Os meios anticonceptivos hormonais têm dupla ação: a contraceptiva e a abortiva, por isso são imorais. Esses meios impedem os processos fisiológicos normais no organismo da mulher e causam sua infertilidade. Apesar disso, esses meios nem sempre impedem a concepção de um filho. A ação seguinte da contracepção hormonal encaminha-se para impedir o desenvolvimento ulterior do embrião no útero materno e a causar a sua morte nos primeiros estádios de desenvolvimento. Por isso a Igreja, defendendo a vida de toda a pessoa desde o momento da concepção, contrapõe-se ao uso dos meios contraceptivos. A única exceção pode ser a adoção de ativos hormonais, que podem ter efeitos contraceptivos, com objetivos de tratamento médico e somente para um determinado prazo, prescrito pelo médico.
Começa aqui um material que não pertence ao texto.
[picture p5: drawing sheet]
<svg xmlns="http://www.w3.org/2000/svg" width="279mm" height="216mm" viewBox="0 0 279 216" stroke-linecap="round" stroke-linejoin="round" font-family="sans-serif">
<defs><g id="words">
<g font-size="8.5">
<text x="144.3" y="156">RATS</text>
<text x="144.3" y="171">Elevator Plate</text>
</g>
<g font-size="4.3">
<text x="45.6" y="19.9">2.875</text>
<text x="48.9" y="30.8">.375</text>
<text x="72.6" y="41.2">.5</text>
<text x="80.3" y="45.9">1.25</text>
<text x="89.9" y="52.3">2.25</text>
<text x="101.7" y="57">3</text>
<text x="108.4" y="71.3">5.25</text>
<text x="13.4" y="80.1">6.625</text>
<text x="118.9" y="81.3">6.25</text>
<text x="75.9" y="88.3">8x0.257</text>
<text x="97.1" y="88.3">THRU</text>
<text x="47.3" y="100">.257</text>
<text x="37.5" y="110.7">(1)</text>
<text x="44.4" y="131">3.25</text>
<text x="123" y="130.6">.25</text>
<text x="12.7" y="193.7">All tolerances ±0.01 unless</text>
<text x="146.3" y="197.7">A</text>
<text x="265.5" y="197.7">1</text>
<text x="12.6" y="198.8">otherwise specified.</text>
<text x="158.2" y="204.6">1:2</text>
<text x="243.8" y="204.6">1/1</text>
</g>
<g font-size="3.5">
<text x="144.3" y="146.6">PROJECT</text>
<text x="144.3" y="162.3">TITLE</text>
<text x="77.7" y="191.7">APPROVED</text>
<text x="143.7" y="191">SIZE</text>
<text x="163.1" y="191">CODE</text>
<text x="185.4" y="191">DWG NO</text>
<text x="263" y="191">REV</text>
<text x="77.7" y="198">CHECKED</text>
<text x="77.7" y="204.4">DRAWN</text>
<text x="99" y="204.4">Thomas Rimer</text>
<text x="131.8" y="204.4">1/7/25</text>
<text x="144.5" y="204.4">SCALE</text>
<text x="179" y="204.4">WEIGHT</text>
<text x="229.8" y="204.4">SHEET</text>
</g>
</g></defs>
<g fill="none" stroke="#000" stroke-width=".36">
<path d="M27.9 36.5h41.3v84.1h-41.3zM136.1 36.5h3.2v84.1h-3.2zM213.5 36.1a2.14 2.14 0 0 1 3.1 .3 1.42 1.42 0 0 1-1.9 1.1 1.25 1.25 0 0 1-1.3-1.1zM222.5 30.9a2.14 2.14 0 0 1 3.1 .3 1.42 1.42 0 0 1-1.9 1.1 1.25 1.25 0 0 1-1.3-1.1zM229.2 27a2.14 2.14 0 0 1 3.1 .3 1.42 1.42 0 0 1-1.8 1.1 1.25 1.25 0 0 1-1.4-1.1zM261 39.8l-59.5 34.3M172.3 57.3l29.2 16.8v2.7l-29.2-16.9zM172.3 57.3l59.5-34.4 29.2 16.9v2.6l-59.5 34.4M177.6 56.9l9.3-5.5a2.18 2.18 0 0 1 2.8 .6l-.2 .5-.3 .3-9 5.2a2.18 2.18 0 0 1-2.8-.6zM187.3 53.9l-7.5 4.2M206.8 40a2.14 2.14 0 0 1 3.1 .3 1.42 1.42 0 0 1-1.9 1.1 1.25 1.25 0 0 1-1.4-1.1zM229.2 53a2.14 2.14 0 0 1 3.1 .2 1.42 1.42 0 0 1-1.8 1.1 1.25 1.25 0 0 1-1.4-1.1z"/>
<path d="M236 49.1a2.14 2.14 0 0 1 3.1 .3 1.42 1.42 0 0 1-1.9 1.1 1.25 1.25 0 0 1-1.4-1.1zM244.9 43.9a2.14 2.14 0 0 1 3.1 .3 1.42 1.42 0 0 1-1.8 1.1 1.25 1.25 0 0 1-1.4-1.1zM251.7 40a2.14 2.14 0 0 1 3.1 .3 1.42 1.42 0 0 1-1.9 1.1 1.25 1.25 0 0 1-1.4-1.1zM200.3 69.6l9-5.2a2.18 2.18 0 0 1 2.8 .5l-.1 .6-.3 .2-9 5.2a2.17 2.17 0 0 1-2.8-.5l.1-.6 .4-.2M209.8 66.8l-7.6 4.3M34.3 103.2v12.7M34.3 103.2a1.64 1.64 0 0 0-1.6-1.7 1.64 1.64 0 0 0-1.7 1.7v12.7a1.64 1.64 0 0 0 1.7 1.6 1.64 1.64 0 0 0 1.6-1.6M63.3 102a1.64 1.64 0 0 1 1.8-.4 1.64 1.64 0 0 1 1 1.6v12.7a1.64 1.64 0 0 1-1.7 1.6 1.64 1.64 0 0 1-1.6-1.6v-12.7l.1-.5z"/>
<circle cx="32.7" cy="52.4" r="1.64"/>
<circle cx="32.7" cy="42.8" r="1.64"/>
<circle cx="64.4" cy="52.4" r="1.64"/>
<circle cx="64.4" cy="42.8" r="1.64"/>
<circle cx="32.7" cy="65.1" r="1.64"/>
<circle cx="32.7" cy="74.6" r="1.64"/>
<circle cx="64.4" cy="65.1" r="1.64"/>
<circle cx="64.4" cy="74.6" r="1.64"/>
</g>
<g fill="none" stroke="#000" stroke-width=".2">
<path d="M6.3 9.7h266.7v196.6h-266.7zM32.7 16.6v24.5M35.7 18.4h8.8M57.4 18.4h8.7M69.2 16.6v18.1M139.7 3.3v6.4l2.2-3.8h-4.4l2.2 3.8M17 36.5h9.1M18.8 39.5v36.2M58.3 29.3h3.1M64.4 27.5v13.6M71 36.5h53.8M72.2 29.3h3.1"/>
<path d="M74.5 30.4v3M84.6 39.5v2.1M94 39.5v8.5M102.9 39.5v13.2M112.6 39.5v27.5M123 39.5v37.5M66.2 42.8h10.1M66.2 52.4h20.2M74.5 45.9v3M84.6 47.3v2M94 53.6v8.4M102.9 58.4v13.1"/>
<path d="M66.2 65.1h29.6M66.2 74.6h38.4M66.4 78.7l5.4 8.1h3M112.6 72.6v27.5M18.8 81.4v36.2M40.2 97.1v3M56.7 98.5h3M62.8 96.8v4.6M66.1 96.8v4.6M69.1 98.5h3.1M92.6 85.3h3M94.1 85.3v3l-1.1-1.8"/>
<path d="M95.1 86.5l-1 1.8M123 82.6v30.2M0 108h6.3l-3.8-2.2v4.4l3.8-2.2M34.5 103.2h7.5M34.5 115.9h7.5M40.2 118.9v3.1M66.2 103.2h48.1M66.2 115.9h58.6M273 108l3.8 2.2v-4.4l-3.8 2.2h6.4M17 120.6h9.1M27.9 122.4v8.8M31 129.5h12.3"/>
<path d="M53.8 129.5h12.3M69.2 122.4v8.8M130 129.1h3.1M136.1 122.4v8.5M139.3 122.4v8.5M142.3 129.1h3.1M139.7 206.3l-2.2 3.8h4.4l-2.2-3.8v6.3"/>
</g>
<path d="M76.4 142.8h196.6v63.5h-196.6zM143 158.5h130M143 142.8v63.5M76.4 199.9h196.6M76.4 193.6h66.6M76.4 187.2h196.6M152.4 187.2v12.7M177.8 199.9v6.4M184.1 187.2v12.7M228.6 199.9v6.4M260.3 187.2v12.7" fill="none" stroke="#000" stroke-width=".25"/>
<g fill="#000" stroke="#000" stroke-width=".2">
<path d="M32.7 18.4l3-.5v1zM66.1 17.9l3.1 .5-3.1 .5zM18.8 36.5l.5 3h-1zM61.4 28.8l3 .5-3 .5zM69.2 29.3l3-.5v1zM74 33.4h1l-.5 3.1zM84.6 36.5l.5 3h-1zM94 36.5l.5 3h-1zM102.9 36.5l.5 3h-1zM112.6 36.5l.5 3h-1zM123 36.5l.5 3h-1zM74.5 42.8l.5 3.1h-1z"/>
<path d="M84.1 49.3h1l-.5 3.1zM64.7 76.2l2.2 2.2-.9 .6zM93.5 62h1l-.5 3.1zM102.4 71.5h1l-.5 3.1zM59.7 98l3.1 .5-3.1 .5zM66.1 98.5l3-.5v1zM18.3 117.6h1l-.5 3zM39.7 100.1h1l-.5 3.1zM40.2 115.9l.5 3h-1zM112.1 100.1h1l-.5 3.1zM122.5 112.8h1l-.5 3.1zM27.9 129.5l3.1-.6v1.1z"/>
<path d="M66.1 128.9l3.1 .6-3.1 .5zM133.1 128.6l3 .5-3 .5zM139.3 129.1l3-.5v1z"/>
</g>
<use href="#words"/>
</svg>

O metropolita Andrey aponta um mal especial causado pela contracepção: “Semelhantes ao assassinato de crianças, ainda que sejam pecados de outro gênero, são os atos pelos quais os pais limitam o número de filhos. Tais casos não são evidentemente pecados de assassinato, mas é difícil não considerá-los como grave ofensa […], pois mesmo que não se tenha tolhido a vida, foi impedido o acesso à vida! Um povo, no qual as mulheres não querem aceitar […] o ônus da maternidade, no qual os homens buscam o prazer sexual sem assumir as obrigações e os deveres da vida matrimonial, sem levar em conta os fins do matrimônio, esse povo é condenado à ruína”[4].

[1] Cf. João Paulo II: Encíclica Evangelium vitae (“Evangelho da vida”), (25 de março de 1995), 58.

[2] Basílio Magno: Carta 188, cânon II.

[3] Metropolita Andrey: Não matarás, (21 de novembro de 1942).

[4] Metropolita Andrey: Não matarás (21 de novembro de 1942).

Fonte: Cristo nossa Páscoa: Catecismo da Igreja Greco-Católica Ucraniana. Tradução: Pe. Soter Schiller, OSBM. Curitiba: Serzegraf, 2014, n. 880-891.